I think the times when people are making these mistakes, they are on autopilot. They are doing the humdrum of the day or they are in a rush for something or someone else. They are NOT in reality with their kids at that moment. This means that they are thinking of where they should be, where they are going, what project they are goint to do next, etc... I am not a perfect parent at all and have made my fair share of mistakes, but I think the thing that has saved my kids from a mistake like this has been simple routines that I do with them to put myself in reality with them and not my impending projects.
I hold all three of their hands (Ethan holds my hand and Caitlyn holds the other one, Tatum is old enough she doesn't have to, although I like her to) in parking lots, always. I count their heads everytime. When getting out of my car at home, I do the same thing. I make sure I see them all enter my van, and exit it. I make myself, no matter what, be apart of their reality even if I have a pressing need. The times that I am in a rush to go buy something or do something, I still do these routines because they are my #1 priority. I know that if something happens to them, I can never have them back! Small steps can save our children everyday.

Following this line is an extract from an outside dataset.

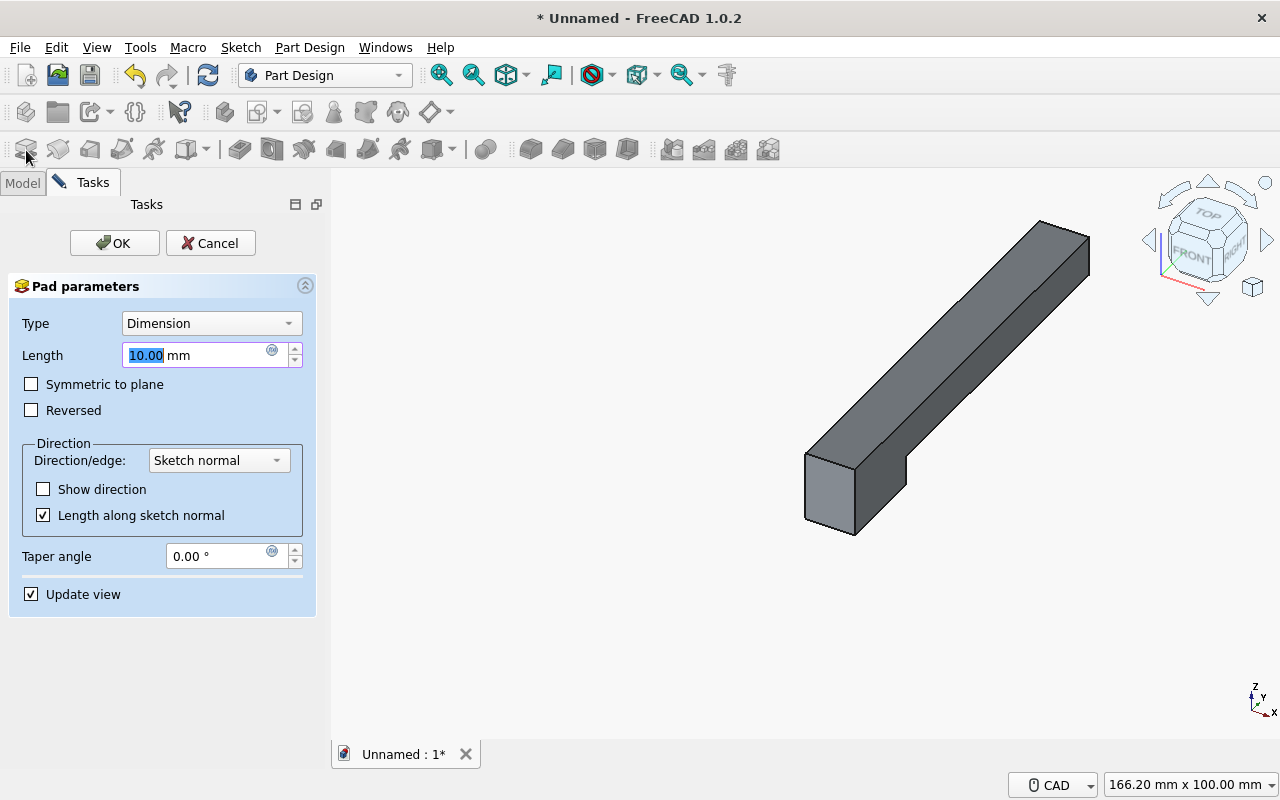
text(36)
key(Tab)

Yet, I can totally empathize with Cherish. One time, Tatum was almost hit by a truck pulling out of a driveway when she was almost 2 years old. Someone jumped out in front of the truck, seeing that she had gotten away from me when I was pulling her diaper bag out of the car and they saved her life (It would have happened in less than one minute!). Please remember to count your children everytime you get in your car and out of your car and even as you are leaving a store. Make sure your kids are always holding onto either your arm/hand or purse in parking lots (get them into the habit of always being at your side no matter what). If you have tons of kids, make them hold each others' hands and you hold onto the smallest.
I am not an expert parent, I am just giving you a glimpse into my routine with my kids. I think doing things like this can help all of us to not make mistakes like this. Sometimes it seems inevitable, only we don't want the consequaence to be so dire that we lose our kids.
I think instead of shaming anyone, we could encourage a learning experience.
1. Always be in reality with your kids, especially when entering a vehicle, in a parking lot, exiting a store, entering your vehicle and exiting the vehicle.
2. Hold hands with them all or have them all hold hands with each other always!!
3. Count their heads everytime you get ready to leave to go anywhere (in the van, out of the van, in the store, in the parking lot).
Okay, I am getting off my soapbox. I know inacting routines like this aren't easy, but our kids are worth it!